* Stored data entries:
- - - -
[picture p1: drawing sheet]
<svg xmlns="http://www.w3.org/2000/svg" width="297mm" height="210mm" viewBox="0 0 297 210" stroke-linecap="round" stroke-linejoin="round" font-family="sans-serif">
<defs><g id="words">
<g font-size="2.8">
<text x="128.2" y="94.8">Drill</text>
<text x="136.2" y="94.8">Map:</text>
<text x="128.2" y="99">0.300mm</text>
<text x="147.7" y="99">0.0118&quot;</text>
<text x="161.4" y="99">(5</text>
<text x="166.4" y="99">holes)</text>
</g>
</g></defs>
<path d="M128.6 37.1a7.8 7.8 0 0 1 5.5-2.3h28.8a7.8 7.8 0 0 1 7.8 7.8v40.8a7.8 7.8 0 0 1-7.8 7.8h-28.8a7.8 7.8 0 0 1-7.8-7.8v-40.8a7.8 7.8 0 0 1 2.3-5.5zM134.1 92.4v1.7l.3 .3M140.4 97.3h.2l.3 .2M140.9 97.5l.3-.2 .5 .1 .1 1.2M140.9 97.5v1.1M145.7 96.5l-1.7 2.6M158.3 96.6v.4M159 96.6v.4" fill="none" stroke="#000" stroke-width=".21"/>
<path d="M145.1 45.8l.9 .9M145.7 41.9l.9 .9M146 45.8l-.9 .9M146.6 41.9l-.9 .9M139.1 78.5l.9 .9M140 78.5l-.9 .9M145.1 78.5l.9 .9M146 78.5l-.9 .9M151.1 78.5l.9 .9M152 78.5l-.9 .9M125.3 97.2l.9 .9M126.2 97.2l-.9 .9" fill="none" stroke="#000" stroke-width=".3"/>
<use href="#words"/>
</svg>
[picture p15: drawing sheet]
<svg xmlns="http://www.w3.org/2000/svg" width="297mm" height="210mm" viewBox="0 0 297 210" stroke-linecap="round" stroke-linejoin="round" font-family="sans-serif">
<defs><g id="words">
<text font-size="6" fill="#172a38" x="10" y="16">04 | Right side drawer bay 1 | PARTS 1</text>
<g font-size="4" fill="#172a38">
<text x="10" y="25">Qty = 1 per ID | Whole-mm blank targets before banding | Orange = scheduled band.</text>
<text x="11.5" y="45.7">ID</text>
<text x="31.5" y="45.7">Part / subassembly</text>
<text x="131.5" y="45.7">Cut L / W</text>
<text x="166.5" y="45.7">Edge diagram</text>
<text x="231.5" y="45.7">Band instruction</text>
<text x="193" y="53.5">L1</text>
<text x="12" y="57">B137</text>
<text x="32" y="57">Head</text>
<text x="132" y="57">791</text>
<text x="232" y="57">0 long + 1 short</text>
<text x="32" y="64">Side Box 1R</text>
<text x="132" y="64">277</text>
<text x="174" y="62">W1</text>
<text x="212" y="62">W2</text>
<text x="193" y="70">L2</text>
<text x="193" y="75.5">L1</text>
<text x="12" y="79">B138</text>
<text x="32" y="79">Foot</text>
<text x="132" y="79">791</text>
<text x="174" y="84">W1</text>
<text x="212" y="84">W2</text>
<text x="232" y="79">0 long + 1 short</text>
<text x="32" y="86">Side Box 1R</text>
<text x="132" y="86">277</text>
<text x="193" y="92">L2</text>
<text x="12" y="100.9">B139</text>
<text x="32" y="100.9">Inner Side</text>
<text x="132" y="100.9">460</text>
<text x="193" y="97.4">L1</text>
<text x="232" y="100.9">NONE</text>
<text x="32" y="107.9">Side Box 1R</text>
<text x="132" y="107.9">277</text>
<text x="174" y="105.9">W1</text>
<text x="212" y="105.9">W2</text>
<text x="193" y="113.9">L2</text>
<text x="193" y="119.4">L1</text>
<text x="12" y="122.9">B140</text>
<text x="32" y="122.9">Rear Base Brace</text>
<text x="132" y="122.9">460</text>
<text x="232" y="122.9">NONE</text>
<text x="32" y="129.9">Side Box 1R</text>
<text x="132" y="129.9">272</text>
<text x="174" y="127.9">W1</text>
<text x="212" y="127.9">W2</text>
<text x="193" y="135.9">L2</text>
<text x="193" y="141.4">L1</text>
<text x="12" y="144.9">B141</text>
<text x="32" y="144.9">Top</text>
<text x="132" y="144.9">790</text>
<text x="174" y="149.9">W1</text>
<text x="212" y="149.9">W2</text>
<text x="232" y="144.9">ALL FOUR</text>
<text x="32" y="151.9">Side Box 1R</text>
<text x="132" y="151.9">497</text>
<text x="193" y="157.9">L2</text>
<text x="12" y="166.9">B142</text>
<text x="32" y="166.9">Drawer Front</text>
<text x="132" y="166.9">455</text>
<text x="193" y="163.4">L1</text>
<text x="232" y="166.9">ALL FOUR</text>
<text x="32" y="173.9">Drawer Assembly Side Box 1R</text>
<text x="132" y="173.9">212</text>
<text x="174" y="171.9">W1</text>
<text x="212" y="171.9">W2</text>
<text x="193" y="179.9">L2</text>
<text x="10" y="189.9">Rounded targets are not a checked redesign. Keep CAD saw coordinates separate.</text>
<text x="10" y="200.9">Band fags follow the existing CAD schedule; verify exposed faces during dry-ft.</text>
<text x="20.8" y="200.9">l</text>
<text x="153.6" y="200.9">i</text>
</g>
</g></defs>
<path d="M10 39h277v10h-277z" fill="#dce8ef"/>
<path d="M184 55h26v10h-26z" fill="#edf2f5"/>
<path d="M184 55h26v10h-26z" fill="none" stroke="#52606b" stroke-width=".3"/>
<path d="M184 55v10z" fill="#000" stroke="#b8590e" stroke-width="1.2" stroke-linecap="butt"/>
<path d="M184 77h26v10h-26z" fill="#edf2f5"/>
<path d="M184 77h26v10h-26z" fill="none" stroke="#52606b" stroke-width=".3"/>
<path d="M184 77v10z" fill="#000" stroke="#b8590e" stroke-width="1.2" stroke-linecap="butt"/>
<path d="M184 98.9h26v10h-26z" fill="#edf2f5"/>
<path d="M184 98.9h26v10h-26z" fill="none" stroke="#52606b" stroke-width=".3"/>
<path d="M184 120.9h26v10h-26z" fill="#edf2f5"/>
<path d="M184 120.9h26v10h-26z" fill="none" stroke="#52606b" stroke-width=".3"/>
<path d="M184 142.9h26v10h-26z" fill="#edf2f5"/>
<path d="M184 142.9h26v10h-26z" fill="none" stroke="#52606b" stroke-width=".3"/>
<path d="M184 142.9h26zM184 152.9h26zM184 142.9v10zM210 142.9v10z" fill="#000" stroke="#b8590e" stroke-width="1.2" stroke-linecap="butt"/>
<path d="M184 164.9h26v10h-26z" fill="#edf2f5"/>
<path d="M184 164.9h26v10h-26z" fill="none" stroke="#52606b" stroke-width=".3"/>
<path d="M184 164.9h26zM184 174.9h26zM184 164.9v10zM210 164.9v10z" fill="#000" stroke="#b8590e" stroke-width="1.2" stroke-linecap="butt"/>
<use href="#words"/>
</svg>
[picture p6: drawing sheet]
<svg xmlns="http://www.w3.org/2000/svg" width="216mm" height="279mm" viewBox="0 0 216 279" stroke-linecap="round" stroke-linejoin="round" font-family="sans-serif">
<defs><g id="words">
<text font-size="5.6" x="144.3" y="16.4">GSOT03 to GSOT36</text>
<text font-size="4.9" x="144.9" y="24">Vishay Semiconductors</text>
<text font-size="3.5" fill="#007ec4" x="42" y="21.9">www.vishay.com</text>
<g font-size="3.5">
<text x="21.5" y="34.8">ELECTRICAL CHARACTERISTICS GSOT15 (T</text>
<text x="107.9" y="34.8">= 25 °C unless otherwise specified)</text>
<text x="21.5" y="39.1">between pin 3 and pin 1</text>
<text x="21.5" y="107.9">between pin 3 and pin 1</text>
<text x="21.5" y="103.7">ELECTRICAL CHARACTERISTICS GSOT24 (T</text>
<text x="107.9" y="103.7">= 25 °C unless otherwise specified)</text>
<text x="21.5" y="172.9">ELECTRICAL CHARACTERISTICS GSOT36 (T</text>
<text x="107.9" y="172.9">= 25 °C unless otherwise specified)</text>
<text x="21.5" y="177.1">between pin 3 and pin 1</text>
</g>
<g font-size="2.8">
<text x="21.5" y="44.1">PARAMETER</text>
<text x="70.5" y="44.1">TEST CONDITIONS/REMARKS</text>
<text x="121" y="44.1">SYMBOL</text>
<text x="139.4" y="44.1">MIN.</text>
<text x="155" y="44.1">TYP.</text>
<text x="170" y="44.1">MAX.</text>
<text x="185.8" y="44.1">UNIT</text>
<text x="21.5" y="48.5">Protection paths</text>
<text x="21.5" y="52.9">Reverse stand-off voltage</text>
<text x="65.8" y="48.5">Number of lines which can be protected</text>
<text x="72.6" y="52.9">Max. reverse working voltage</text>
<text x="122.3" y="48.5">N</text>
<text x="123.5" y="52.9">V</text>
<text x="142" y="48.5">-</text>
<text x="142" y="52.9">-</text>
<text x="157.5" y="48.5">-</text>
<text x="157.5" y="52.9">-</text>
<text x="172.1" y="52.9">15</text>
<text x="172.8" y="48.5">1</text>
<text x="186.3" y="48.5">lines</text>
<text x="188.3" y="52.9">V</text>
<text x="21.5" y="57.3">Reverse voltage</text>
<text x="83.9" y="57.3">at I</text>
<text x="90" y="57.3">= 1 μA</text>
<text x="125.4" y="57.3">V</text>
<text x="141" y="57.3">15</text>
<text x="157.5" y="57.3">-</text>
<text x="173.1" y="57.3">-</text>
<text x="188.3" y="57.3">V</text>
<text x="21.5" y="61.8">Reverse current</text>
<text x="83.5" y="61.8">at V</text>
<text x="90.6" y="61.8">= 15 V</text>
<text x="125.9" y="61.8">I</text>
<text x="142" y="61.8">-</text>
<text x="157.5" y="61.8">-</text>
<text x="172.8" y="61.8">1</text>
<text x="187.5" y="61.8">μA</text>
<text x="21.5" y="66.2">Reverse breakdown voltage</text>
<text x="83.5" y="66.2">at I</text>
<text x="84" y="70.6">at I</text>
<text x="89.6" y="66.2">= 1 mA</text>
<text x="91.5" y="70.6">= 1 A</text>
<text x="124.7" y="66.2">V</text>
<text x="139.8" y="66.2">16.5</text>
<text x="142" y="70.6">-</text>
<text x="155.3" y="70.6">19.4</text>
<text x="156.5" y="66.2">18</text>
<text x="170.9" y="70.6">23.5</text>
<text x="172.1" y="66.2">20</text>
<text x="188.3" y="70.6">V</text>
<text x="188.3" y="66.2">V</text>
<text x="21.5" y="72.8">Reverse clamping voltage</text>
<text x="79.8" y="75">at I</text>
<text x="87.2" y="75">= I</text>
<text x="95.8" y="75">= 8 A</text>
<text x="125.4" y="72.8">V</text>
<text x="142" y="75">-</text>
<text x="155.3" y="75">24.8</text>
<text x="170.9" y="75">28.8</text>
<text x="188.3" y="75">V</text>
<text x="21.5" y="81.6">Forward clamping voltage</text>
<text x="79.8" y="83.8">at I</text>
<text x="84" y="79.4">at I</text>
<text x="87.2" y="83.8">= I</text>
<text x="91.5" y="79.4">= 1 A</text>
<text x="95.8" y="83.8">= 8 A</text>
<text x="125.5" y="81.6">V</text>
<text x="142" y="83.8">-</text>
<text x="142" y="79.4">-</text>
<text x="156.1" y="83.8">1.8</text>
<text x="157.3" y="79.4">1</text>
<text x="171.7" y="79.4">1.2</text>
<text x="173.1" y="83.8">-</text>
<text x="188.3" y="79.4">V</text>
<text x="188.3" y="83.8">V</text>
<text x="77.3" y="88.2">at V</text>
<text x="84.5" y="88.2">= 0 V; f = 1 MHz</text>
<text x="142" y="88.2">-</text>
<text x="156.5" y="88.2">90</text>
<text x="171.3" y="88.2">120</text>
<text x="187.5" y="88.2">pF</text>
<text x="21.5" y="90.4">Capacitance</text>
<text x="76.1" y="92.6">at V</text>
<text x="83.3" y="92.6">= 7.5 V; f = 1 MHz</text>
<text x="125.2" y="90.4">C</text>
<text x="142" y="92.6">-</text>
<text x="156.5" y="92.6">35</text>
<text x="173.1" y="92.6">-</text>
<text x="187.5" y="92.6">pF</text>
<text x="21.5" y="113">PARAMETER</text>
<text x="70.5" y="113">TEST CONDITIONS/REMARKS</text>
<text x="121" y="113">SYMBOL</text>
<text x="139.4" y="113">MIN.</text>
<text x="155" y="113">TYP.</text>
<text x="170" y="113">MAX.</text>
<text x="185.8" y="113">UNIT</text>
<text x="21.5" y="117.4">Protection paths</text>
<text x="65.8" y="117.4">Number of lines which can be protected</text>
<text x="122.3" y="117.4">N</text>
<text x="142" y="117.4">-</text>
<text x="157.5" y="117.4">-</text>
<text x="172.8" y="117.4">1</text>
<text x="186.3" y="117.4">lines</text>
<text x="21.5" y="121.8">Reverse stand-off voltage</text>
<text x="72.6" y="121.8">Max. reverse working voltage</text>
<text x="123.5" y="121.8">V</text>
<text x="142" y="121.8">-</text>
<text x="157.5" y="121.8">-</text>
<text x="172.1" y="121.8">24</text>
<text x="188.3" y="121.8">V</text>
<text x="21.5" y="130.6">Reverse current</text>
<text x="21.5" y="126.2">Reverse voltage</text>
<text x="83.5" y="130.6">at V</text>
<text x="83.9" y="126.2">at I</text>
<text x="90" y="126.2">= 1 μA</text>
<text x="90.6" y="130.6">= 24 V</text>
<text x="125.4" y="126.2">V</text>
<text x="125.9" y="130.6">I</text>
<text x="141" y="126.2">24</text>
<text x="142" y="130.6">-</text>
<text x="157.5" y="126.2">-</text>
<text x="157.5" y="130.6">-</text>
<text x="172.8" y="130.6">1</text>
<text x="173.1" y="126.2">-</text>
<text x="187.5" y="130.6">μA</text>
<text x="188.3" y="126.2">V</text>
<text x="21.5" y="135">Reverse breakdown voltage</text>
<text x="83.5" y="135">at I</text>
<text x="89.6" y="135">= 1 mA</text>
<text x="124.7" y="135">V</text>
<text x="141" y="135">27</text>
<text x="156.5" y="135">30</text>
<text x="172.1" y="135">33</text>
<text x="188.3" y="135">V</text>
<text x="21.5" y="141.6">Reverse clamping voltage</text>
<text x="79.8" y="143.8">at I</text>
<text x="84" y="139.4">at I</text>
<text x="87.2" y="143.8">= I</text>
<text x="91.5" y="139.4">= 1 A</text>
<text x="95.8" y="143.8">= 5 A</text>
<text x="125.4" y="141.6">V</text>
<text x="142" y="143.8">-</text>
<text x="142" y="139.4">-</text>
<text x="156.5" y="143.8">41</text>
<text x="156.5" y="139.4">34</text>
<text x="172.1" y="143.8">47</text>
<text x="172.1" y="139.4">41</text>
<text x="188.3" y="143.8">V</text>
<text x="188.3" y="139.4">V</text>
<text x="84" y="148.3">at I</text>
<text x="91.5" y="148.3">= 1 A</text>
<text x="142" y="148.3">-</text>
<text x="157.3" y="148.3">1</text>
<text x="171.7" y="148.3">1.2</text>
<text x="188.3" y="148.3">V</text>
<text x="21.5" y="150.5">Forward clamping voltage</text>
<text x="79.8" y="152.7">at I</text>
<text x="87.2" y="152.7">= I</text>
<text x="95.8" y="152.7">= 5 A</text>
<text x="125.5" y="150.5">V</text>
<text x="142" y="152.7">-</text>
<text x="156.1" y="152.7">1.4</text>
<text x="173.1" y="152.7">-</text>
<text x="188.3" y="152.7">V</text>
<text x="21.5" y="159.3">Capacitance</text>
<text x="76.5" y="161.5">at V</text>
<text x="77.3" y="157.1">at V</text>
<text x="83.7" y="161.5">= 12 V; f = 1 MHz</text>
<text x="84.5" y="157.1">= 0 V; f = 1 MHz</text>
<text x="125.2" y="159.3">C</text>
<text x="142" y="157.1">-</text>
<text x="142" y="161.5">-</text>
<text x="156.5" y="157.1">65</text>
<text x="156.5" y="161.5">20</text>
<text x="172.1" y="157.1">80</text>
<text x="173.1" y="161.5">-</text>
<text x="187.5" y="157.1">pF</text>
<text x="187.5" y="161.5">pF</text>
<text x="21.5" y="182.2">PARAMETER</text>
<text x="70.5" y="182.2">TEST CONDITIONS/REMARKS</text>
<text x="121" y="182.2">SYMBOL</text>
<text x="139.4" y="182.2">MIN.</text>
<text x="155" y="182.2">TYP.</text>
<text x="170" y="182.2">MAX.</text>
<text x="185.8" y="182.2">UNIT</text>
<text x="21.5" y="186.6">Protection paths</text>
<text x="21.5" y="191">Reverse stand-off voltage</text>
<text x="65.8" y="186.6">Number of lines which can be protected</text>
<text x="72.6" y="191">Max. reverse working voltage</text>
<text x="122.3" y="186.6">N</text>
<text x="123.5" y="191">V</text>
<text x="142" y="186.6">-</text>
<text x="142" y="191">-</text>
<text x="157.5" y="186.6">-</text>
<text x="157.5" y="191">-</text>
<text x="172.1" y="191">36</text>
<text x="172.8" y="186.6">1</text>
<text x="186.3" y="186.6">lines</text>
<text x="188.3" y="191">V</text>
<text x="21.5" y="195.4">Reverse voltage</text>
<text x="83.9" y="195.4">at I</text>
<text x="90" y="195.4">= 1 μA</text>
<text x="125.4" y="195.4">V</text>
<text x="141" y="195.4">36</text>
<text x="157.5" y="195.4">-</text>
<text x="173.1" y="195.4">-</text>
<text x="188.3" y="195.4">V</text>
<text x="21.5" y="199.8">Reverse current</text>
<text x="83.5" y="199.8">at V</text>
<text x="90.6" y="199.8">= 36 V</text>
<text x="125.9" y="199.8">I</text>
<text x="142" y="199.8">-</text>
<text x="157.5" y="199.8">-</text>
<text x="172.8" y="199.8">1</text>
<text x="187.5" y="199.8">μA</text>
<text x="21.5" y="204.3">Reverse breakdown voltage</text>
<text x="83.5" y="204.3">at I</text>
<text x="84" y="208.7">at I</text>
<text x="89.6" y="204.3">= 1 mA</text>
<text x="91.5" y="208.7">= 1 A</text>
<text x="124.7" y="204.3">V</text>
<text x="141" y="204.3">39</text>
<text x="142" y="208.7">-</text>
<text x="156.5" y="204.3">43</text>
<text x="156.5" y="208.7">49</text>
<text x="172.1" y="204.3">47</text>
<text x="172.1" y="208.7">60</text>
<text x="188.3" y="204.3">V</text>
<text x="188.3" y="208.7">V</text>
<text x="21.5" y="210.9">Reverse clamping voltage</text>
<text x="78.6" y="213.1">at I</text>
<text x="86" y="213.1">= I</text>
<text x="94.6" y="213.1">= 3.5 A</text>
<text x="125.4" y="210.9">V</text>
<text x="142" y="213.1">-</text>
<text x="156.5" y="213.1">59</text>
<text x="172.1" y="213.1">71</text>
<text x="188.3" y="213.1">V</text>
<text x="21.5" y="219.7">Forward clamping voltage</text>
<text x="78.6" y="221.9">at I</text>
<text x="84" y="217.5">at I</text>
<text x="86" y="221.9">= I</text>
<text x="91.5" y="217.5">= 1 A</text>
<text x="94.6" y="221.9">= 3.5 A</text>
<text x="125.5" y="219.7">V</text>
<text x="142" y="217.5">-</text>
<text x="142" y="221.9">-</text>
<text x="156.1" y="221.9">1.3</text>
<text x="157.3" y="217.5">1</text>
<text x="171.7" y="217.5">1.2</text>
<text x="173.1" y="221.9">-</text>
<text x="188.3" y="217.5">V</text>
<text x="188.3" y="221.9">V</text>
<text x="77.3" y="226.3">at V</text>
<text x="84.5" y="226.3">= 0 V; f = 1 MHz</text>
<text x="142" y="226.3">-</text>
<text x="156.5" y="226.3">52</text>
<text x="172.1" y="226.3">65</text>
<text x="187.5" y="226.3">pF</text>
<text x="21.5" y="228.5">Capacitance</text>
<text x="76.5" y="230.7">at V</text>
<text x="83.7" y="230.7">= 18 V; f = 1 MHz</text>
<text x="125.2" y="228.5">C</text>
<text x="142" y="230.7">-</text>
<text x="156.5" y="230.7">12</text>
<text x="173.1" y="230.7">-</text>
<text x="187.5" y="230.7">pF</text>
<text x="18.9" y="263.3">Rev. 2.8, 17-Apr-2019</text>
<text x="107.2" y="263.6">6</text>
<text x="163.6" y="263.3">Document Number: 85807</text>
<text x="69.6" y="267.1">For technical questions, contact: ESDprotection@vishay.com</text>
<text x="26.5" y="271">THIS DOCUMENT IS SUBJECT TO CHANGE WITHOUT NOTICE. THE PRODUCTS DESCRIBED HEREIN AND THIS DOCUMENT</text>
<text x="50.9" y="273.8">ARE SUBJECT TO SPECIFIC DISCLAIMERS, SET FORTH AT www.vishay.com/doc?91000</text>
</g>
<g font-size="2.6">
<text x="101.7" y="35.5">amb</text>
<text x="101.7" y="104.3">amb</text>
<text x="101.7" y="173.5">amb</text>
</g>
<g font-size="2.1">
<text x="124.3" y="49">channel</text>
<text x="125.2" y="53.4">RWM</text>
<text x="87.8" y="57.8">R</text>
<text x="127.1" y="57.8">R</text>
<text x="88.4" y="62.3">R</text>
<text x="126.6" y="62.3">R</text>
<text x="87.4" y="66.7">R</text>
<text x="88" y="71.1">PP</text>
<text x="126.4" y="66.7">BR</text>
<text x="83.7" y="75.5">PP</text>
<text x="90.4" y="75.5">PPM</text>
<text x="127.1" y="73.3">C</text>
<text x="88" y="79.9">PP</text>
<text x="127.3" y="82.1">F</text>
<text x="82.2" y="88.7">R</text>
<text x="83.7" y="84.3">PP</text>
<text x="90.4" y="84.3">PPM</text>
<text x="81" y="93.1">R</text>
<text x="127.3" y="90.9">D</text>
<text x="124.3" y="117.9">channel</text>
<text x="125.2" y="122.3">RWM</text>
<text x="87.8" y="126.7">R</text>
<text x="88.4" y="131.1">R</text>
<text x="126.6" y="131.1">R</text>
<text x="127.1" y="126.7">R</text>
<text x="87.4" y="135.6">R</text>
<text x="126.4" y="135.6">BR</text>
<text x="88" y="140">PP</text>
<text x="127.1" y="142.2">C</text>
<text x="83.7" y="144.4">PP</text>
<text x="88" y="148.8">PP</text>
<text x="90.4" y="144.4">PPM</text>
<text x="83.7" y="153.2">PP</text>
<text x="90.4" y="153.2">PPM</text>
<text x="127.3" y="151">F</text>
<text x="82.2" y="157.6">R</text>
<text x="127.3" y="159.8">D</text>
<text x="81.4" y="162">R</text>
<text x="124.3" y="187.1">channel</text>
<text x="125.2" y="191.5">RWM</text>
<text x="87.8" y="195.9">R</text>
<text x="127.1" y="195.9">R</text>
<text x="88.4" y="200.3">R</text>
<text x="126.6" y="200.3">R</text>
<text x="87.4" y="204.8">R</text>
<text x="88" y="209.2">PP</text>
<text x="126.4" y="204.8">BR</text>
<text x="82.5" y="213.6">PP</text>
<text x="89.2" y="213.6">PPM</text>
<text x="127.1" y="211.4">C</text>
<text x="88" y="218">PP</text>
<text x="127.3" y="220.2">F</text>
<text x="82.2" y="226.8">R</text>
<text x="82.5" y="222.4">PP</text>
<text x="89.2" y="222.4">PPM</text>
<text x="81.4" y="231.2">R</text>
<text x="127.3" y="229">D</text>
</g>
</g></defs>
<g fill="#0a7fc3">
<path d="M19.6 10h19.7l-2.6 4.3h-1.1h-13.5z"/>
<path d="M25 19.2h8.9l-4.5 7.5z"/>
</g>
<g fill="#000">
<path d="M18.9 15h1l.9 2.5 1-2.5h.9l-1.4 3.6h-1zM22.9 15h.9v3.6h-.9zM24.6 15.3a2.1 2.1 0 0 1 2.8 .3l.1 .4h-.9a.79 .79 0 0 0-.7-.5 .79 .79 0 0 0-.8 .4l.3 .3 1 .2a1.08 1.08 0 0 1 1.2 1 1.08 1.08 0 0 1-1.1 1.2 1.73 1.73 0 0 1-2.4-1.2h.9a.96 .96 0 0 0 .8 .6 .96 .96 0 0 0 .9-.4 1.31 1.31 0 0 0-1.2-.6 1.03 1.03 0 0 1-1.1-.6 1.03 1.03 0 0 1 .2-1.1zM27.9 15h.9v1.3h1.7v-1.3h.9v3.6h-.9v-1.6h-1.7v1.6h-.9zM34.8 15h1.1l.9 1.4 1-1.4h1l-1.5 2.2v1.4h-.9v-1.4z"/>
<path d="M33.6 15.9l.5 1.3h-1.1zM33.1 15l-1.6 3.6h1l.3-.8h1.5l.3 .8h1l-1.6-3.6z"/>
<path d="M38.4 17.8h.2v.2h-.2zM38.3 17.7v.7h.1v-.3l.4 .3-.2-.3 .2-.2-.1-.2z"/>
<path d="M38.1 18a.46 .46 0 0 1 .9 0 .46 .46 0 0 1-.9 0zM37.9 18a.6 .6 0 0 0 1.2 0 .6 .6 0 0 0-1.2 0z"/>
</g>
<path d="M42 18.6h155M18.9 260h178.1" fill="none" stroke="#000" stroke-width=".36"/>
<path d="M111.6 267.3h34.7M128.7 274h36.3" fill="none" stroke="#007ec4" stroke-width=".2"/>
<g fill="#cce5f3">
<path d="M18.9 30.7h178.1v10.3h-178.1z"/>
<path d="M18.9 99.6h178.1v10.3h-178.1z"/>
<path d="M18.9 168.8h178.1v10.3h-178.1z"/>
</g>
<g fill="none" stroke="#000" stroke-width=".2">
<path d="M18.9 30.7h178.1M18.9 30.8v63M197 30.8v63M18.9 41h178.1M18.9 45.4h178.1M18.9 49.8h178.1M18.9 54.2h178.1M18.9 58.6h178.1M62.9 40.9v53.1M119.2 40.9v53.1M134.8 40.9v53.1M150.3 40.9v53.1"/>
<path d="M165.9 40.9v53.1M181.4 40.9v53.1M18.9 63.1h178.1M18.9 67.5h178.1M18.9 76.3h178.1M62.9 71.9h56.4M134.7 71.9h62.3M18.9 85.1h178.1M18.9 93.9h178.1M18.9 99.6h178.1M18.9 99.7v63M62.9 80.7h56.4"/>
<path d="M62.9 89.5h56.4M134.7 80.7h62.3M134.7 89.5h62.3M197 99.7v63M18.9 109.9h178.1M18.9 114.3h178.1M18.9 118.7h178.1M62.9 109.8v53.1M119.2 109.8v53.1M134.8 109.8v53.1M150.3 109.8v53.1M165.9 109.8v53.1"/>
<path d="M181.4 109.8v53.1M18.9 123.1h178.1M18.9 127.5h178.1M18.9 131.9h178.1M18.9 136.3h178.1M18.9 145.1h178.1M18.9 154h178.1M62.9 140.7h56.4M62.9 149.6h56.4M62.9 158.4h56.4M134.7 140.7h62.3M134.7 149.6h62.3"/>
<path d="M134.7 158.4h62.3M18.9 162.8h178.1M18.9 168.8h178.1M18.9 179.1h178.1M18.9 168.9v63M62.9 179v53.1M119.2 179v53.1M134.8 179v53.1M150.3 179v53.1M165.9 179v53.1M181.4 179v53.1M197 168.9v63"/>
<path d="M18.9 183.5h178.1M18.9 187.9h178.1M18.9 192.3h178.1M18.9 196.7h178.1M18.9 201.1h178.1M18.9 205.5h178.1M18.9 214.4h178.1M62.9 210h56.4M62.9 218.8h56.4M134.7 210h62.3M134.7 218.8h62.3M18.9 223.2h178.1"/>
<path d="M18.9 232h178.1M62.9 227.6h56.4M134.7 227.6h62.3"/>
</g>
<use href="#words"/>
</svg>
- - - -
* Activity: Which lines of the data above contain the string "unless"? Copy each of them.

* Result of the exercise:
<text x="107.9" y="34.8">= 25 °C unless otherwise specified)</text>
<text x="107.9" y="103.7">= 25 °C unless otherwise specified)</text>
<text x="107.9" y="172.9">= 25 °C unless otherwise specified)</text>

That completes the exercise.